Nothing this time around, but I’ll stay alert for items to include in future posts!

Cloud Computing/Cloud Management

  • Want to know a bit more about how to configure VXLAN inside VCD? Rawlinson Rivera has a nice write-up that is worth reviewing.
  • Clint Kitson, an EMC vSpecialist, talks about some VCD integrity scripts he created. Looks like some pretty cool stuff—great work, Clint!
  • For the past couple of weeks I’ve been (slowly) reading Kevin Jackson’s OpenStack Cloud Computing Cookbook; it’s very useful. It’s worth a read if you want to get up to speed on OpenStack; naturally, you can get it from Amazon.

Operating Systems/Applications

  • At the intersection of cloud-based storage and configuration management, I happened to find this very interesting Puppet module designed to fetch and update files from an S3 bucket. Through this module, you could store files in S3 instead of using Puppet’s built-in file server. (By the way, this module also works with OpenStack Swift as well.)
  • One of the things I’ve complained about regarding newer versions of OS X is the “hiding” of the Unix underpinnings. Perhaps I should read this book and see if my thinking is unfounded?

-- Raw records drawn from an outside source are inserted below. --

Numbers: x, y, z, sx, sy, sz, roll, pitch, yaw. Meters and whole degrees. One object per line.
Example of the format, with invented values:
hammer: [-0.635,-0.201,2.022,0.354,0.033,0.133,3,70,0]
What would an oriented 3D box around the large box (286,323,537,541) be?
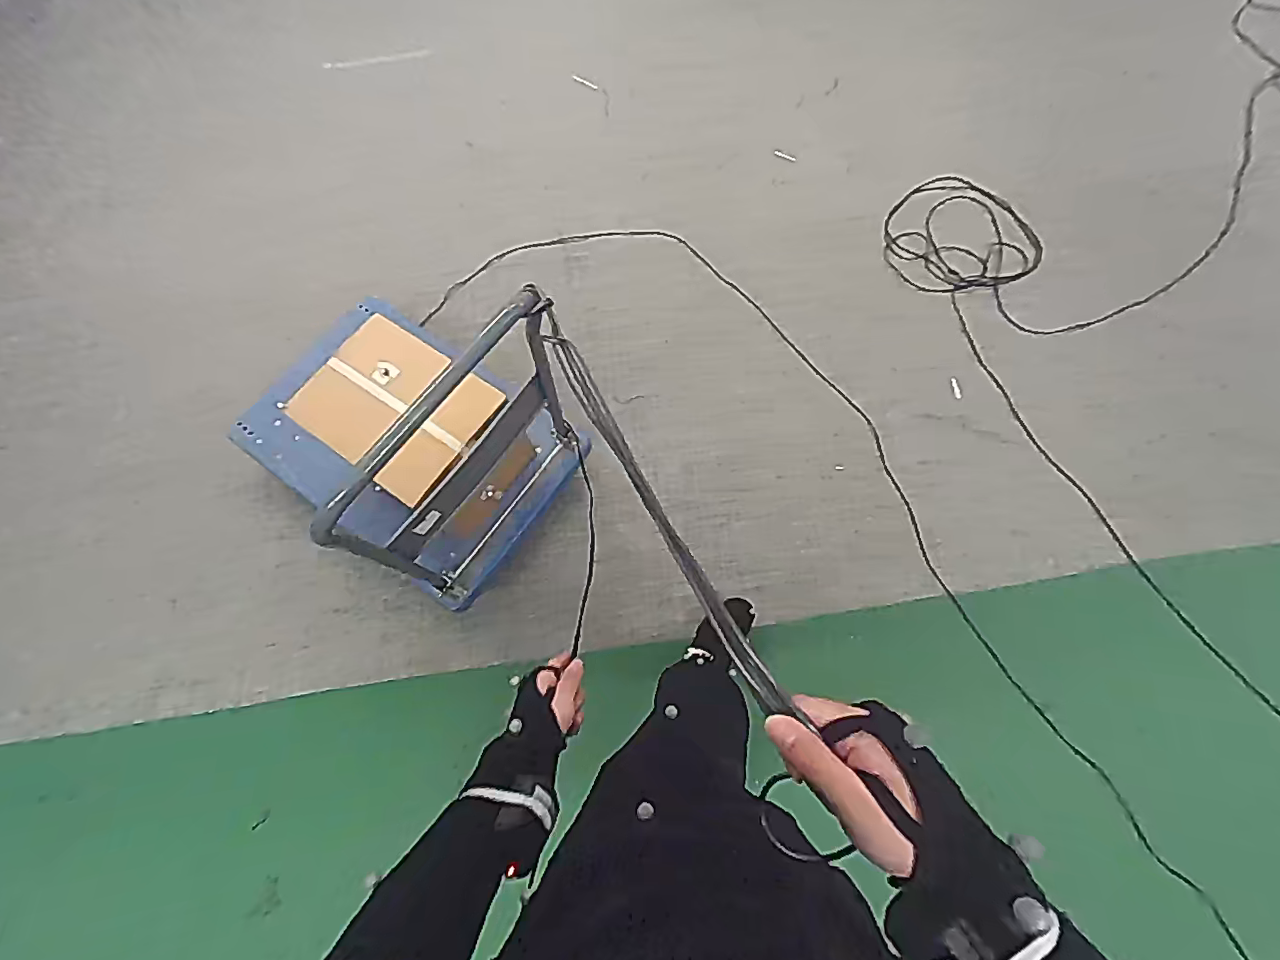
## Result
large box: [-0.529,-0.103,1.328,0.408,0.320,0.320,32,74,14]
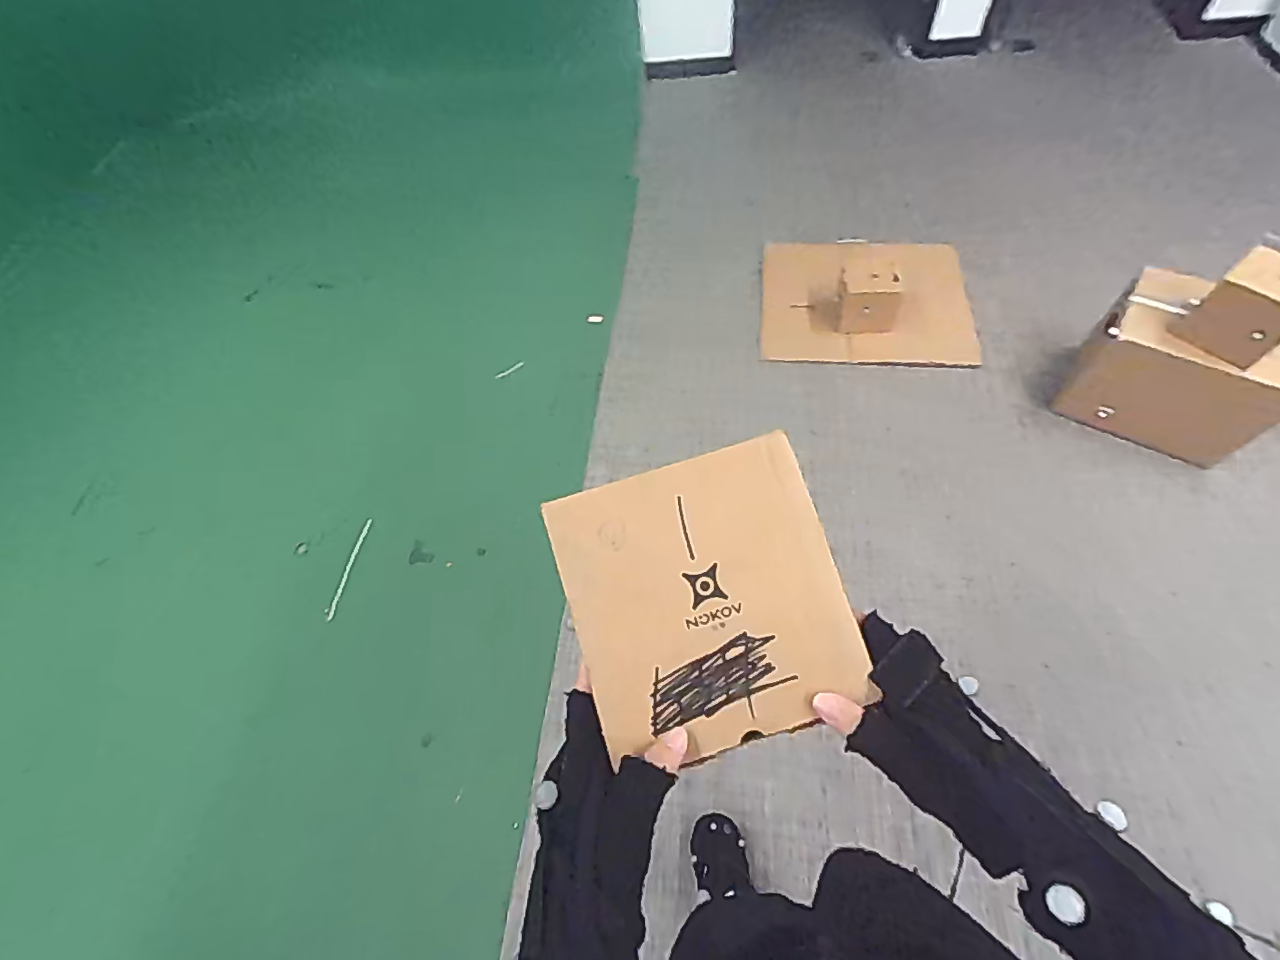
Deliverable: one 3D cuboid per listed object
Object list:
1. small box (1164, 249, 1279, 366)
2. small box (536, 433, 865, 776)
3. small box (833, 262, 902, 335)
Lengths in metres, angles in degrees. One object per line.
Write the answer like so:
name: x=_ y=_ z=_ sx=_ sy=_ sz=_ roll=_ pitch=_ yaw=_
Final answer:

  • Chris Evans takes a look at Hyper-V 3.0′s Virtual Fibre Channel feature in this write-up. From what I’ve read, it sounds like Hyper-V’s NPIV implementation is more robust than VMware’s broken and busted NPIV implementation. (If you don’t know why I say that about VMware’s implementation, ask anyone who’s tried to use it.) The real question is this: is NPIV support in a hypervisor of any value any longer?
  • Gina Minks (formerly of Dell, now with Inktank) recommended I have a look at Ceph and mentioned this post on migrating to Ceph (with a little libvirt thrown in).
  • Gluster might be another project that I need to spend some time examining; this post on using Gluster with oVirt 3.1 looks interesting. Anyone have any pointers for a Gluster beginner?
  • Mirantis has a post about some Nova Volume integration with Isilon. I’ve often said that I think scale-out platforms like Isilon (among others) are an important foundation for future storage solutions. It’s cool to see some third-party development happening to integrate Isilon and OpenStack.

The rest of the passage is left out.